START Provided records

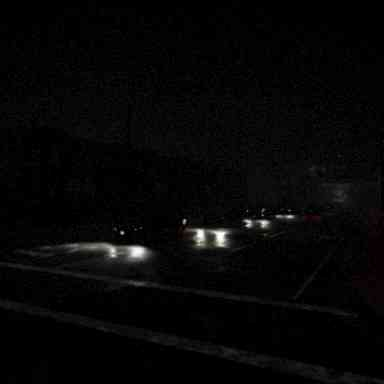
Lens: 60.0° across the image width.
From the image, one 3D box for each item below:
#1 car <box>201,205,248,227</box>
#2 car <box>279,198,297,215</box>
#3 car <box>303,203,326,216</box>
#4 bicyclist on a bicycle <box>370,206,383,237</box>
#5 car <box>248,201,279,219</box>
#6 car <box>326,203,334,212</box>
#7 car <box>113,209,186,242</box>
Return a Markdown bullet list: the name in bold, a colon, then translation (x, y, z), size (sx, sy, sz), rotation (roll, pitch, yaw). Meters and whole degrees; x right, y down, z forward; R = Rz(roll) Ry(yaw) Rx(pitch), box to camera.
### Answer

END Provided records

* [Description of the task]
The records above must be output exactly, except for the pictures.

* [Solved problem]
Lens: 60.0° across the image width.
From the image, one 3D box for each item below:
#1 car <box>201,205,248,227</box>
#2 car <box>279,198,297,215</box>
#3 car <box>303,203,326,216</box>
#4 bicyclist on a bicycle <box>370,206,383,237</box>
#5 car <box>248,201,279,219</box>
#6 car <box>326,203,334,212</box>
#7 car <box>113,209,186,242</box>
Return a Markdown bullet list: the name in bold, a colon, then translation (x, y, z), size (sx, sy, sz), rotation (roll, pitch, yaw). Meters and whole degrees; x right, y down, z forward; R = Rz(roll) Ry(yaw) Rx(pitch), box to camera.
### Answer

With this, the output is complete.